使用readelf和objdump解析目标文件
使用readelf和objdump解析目标文件
[TOC]
使用readelf和objdump解析目标文件
引言
本文是对程序员的自我修养:链接、装载与库中第3章的实践总结(和结构相关的示意图都是用Gliffy Diagrams画的🤓),通过使用工具readelf、objdump对目标文件进行解析,学习目标文件的结构。
1. 目标文件
1.1 目标文件的定义
编译器编译源代码后生成的文件叫做目标文件。在Linux下,使用gcc -c xxxx.c编译生成.o文件。
1$ gcc -v simple.c
2$ ls
3simple.c simeple.o
1.2 编译过程回顾
目标文件的文件类型为ELF,在Linux下对应文件后缀为.o的文件,Window下对应文件后缀为.obj的文件。使用file命令可以查看到.o和.obj文件均为ELF类型。
1[root@etcd-node02 go]# file go
2go: ELF 64-bit LSB executable, x86-64, version 1 (SYSV), statically linked, not stripped
目标文件只是ELF文件的可重定位文件(Relocatable file),ELF文件一共有4种类型:Relocatable file、Executable file、Shared object file和Core Dump file
示例
在Linux下,使用命令 gcc -c xxxx.c就可以编译生成.o文件
1ckt@ubuntu:~/work/elf$ gcc -c simple.c
2ckt@ubuntu:~/work/elf$ ls
3simple.c simple.o
在 simple.c中,我们只加入了下面这一个函数fun,函数内容为空
1void fun()
2{
3
4}
使用UltraEdit将simple.o打开,里面的内容有机器指令代码、数据等,我们的程序就是由这些字节组成的。
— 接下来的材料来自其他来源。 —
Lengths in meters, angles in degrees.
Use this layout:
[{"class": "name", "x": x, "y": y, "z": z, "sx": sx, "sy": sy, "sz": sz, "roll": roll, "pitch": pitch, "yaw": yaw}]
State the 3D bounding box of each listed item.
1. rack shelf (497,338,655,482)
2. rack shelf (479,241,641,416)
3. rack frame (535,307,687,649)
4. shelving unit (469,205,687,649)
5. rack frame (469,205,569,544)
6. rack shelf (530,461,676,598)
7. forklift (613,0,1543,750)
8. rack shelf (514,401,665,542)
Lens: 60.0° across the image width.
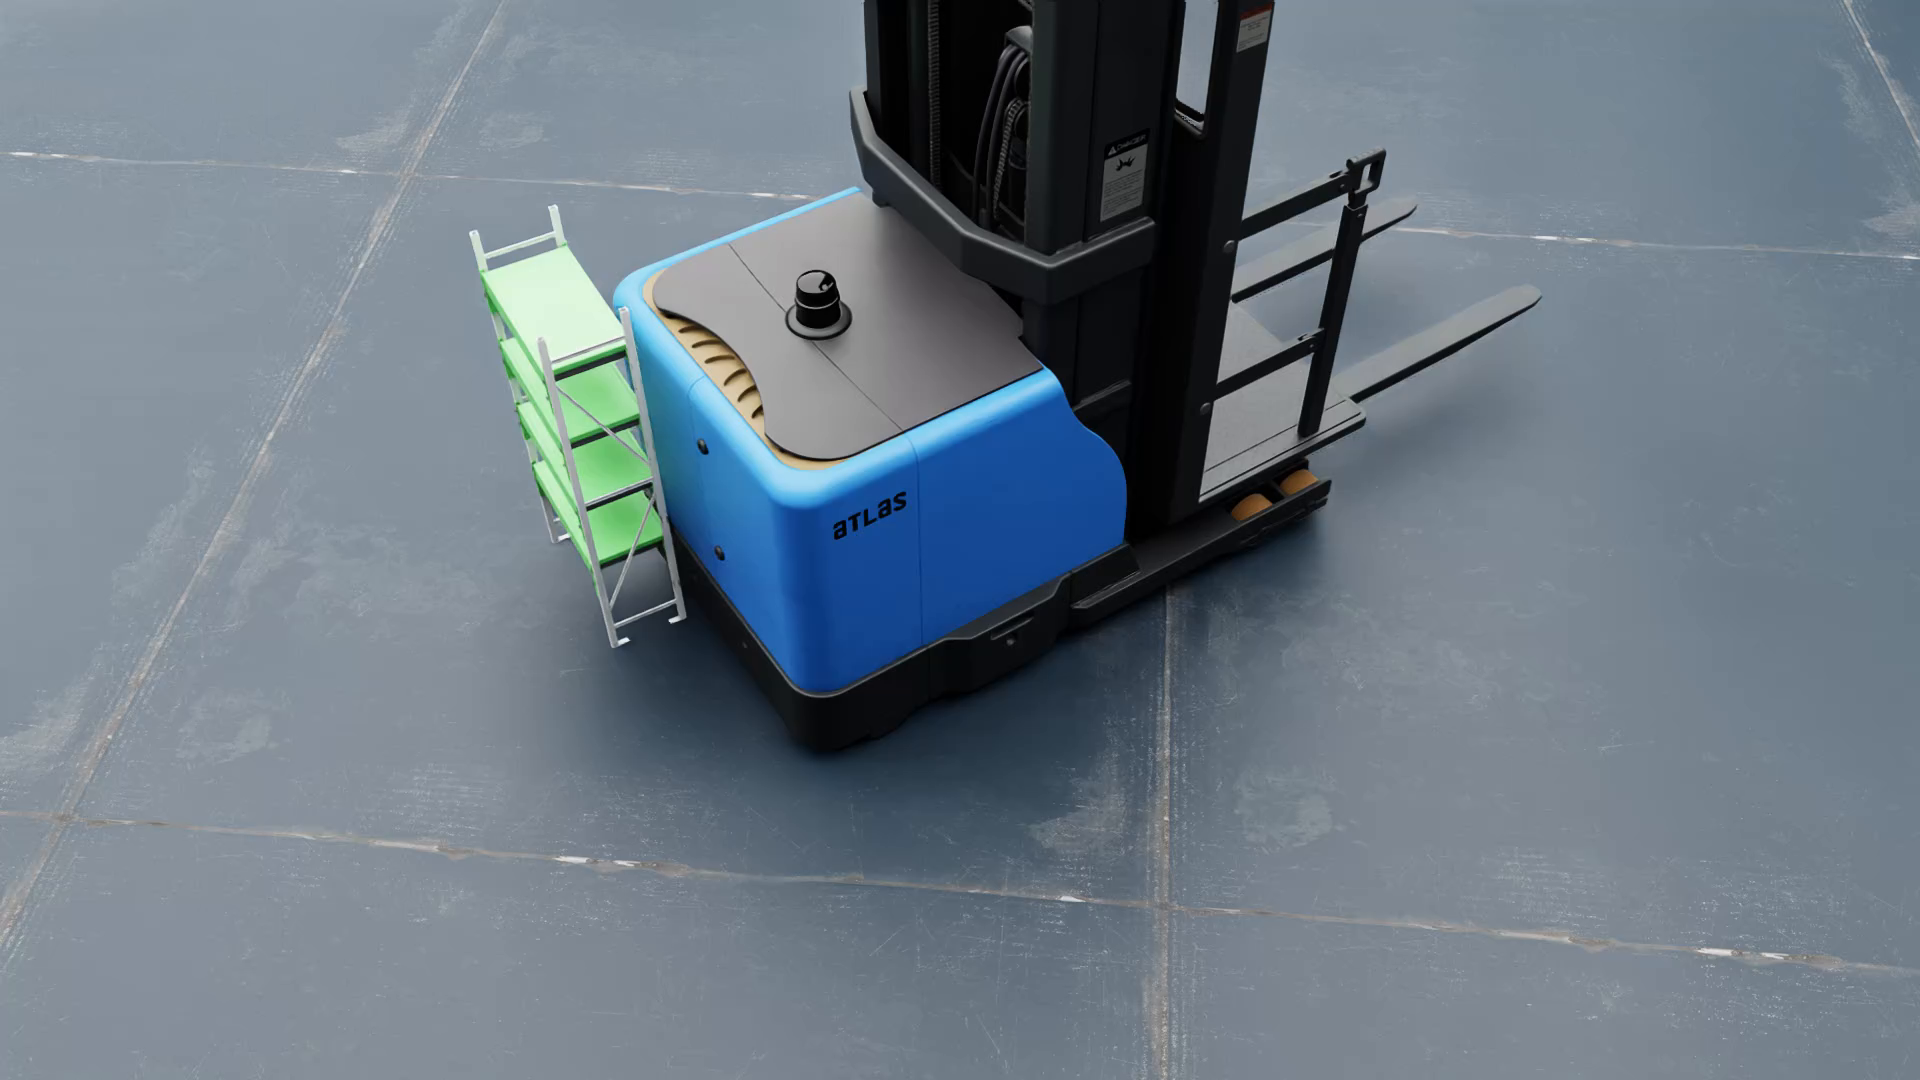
[{"class": "rack shelf", "x": -1.057, "y": -0.404, "z": 4.568, "sx": 0.258, "sy": 0.148, "sz": 0.480, "roll": -23, "pitch": 52, "yaw": -20}, {"class": "rack shelf", "x": -1.057, "y": -0.566, "z": 4.391, "sx": 0.258, "sy": 0.148, "sz": 0.480, "roll": -23, "pitch": 52, "yaw": -20}, {"class": "rack frame", "x": -0.934, "y": -0.130, "z": 4.555, "sx": 0.240, "sy": 1.200, "sz": 0.015, "roll": -23, "pitch": 52, "yaw": -20}, {"class": "shelving unit", "x": -1.057, "y": -0.285, "z": 4.698, "sx": 0.258, "sy": 1.200, "sz": 0.503, "roll": -23, "pitch": 52, "yaw": -20}, {"class": "rack frame", "x": -1.180, "y": -0.441, "z": 4.840, "sx": 0.240, "sy": 1.200, "sz": 0.015, "roll": -23, "pitch": 52, "yaw": -20}, {"class": "rack shelf", "x": -1.057, "y": -0.080, "z": 4.922, "sx": 0.258, "sy": 0.148, "sz": 0.480, "roll": -23, "pitch": 52, "yaw": -20}, {"class": "forklift", "x": 0.565, "y": -1.270, "z": 4.425, "sx": 3.031, "sy": 2.935, "sz": 1.130, "roll": -26, "pitch": 53, "yaw": -22}, {"class": "rack shelf", "x": -1.057, "y": -0.242, "z": 4.745, "sx": 0.258, "sy": 0.148, "sz": 0.480, "roll": -23, "pitch": 52, "yaw": -20}]

对于程序员来说,使用高级语言(C/C++,Java等)实现的代码是最容易阅读和理解的,但是对于计算机来说,它只懂得机器语言,它更喜欢二进制,将0转换为低电平,1转换成高电平,这样一个程序就可以跑起来了。
我们可以使用工具readelf 和objdump对目标文件simple.o进行分析。为了加深对目标文件的理解,在使用readelf & objdump进行前,需要先要了解ELF文件的结构。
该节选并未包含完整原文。